Activity: Collect each line of the records containing the string "boxes".

Available records:

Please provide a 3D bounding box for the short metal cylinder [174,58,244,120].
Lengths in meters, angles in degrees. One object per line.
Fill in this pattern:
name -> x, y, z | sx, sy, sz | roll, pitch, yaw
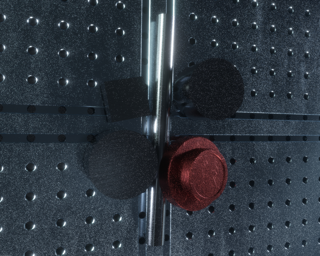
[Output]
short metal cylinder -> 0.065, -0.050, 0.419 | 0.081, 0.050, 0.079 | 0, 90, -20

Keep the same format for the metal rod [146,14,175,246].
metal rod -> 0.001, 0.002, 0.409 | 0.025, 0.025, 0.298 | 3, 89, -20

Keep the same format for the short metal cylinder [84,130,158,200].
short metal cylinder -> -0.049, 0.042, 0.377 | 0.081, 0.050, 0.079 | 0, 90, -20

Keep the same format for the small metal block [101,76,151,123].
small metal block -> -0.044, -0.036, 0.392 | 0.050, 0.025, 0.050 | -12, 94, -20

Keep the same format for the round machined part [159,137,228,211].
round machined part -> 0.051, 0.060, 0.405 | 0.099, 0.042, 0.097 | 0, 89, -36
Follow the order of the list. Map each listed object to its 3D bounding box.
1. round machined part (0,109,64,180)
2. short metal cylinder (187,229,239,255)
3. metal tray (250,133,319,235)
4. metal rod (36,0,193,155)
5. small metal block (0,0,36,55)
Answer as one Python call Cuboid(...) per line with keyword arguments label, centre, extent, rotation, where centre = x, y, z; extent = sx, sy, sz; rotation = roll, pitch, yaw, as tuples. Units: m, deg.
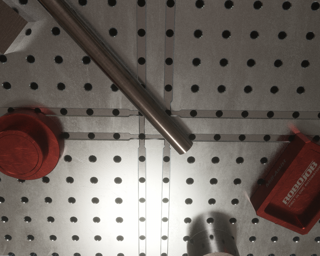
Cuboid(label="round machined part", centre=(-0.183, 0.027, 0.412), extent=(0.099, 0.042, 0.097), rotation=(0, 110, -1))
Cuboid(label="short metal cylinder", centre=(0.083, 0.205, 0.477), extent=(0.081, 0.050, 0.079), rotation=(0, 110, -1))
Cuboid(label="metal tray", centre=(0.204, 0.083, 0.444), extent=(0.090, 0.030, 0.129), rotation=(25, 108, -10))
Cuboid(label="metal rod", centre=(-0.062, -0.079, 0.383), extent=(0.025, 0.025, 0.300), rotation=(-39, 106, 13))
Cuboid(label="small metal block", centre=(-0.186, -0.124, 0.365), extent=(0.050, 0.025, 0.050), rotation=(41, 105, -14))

---

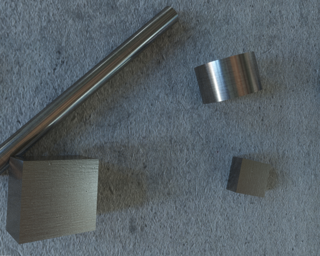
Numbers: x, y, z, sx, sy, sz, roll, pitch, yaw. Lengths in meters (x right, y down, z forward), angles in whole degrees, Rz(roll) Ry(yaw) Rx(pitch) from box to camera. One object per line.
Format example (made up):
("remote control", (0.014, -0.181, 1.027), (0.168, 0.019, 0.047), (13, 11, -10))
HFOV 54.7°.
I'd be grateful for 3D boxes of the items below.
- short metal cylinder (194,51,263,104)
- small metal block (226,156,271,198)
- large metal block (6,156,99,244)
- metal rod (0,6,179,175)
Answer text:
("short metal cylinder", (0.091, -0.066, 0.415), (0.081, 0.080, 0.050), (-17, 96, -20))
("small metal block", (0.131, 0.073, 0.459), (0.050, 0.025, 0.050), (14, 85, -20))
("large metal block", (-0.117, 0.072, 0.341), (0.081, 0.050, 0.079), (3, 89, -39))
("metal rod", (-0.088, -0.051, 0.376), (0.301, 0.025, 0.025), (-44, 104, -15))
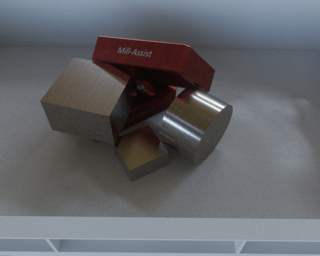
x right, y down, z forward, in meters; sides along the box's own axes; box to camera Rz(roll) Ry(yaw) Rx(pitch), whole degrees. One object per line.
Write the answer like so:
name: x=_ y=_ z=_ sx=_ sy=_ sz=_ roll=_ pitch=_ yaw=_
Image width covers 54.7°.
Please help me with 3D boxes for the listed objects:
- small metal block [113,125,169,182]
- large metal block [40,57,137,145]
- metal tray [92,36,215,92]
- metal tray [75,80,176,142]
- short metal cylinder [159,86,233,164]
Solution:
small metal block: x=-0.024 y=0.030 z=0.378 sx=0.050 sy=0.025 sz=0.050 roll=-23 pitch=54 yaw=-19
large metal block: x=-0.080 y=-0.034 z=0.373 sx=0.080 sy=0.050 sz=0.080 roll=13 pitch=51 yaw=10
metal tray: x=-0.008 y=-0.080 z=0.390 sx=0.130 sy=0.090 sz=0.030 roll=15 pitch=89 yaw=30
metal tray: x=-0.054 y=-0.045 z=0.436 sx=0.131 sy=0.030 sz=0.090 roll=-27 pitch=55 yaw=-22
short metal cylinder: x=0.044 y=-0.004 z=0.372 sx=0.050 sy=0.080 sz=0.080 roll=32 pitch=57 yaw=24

---

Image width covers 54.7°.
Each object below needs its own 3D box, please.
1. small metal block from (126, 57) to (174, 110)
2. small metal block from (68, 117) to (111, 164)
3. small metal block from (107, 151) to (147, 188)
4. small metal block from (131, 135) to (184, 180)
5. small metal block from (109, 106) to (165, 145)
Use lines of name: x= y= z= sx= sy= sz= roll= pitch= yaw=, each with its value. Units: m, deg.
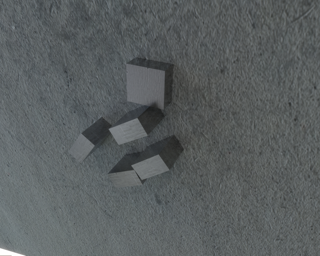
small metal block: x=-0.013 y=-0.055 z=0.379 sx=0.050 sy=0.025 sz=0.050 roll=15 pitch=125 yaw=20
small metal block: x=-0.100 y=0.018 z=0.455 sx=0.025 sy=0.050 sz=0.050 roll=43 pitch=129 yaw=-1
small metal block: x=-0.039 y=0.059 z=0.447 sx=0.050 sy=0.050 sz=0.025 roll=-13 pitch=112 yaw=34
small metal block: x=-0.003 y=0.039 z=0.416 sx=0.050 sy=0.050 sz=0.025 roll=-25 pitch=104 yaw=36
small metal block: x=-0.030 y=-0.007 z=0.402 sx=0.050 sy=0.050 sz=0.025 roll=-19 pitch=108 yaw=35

Answer space:
I'd be grateful for 3D boxes of the items below.
Please help me with 3D boxes for the listed objects:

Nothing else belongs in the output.